*AIM OF THE EXERCISE*
For the material below, return exactly the lines starting at the line containing "nas_server_name: 'nasservername'" and ending at the line containing "Server for use", both ends included, and no others.

*DATA EXCERPTS*
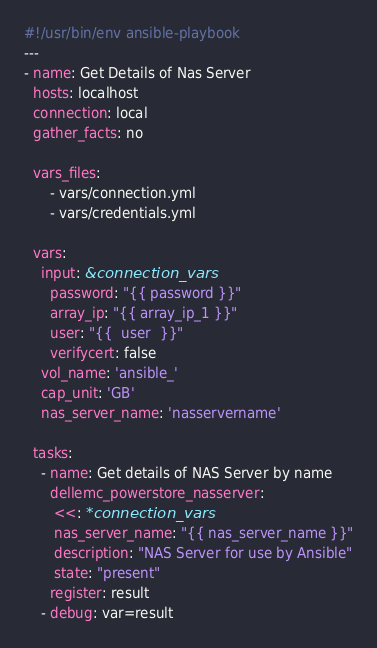Convert code to text. <code><loc_0><loc_0><loc_500><loc_500><_YAML_>#!/usr/bin/env ansible-playbook
---
- name: Get Details of Nas Server
  hosts: localhost
  connection: local
  gather_facts: no

  vars_files:
      - vars/connection.yml
      - vars/credentials.yml

  vars:
    input: &connection_vars
      password: "{{ password }}"
      array_ip: "{{ array_ip_1 }}"
      user: "{{  user  }}"
      verifycert: false
    vol_name: 'ansible_'
    cap_unit: 'GB'
    nas_server_name: 'nasservername'

  tasks:
    - name: Get details of NAS Server by name
      dellemc_powerstore_nasserver:
       <<: *connection_vars
       nas_server_name: "{{ nas_server_name }}"
       description: "NAS Server for use by Ansible"
       state: "present"
      register: result
    - debug: var=result
</code> 
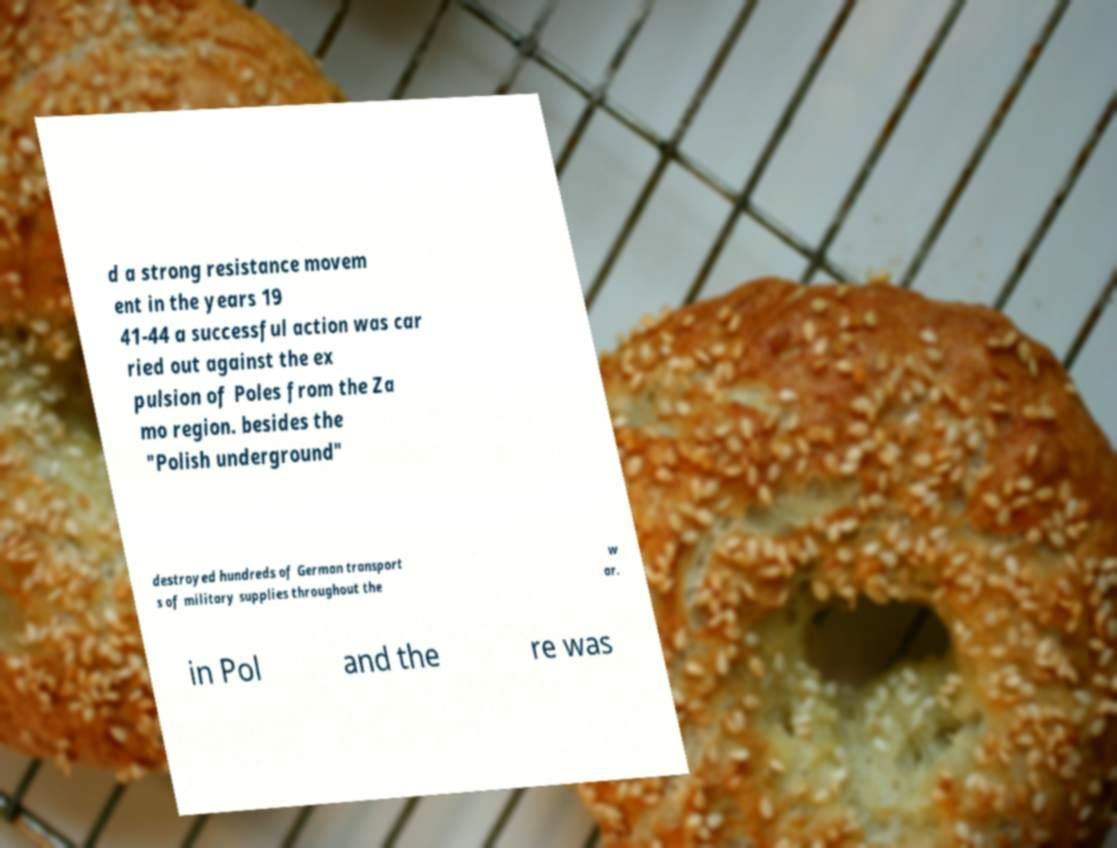What messages or text are displayed in this image? I need them in a readable, typed format. d a strong resistance movem ent in the years 19 41-44 a successful action was car ried out against the ex pulsion of Poles from the Za mo region. besides the "Polish underground" destroyed hundreds of German transport s of military supplies throughout the w ar. in Pol and the re was

*ANSWER TO THE PROBLEM*
    nas_server_name: 'nasservername'

  tasks:
    - name: Get details of NAS Server by name
      dellemc_powerstore_nasserver:
       <<: *connection_vars
       nas_server_name: "{{ nas_server_name }}"
       description: "NAS Server for use by Ansible"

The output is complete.